DATA RECORDS:

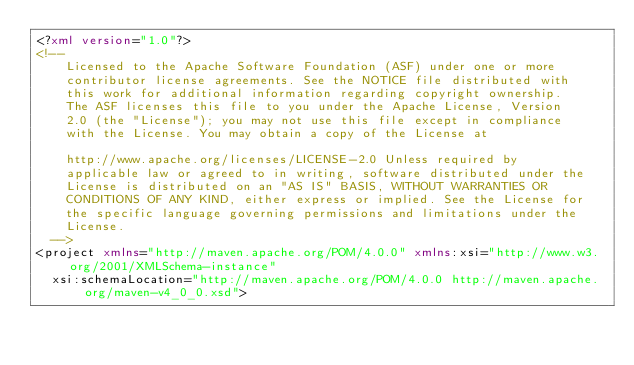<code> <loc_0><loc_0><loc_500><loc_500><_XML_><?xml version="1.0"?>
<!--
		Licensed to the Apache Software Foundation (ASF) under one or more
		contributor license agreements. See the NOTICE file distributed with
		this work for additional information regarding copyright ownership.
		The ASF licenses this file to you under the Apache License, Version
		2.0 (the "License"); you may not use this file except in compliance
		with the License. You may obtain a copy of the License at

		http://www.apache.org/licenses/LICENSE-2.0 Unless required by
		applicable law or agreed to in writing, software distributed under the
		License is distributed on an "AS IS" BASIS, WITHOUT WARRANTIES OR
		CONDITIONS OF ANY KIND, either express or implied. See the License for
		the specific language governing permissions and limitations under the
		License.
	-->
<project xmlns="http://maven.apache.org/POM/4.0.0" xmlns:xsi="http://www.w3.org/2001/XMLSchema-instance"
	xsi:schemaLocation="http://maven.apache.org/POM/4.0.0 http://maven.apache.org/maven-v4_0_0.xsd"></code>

TASK PROMPT:
Your response should be made up of the lines in the data that contain the word "file".

PROBLEM SOLUTION:
		contributor license agreements. See the NOTICE file distributed with
		The ASF licenses this file to you under the Apache License, Version
		2.0 (the "License"); you may not use this file except in compliance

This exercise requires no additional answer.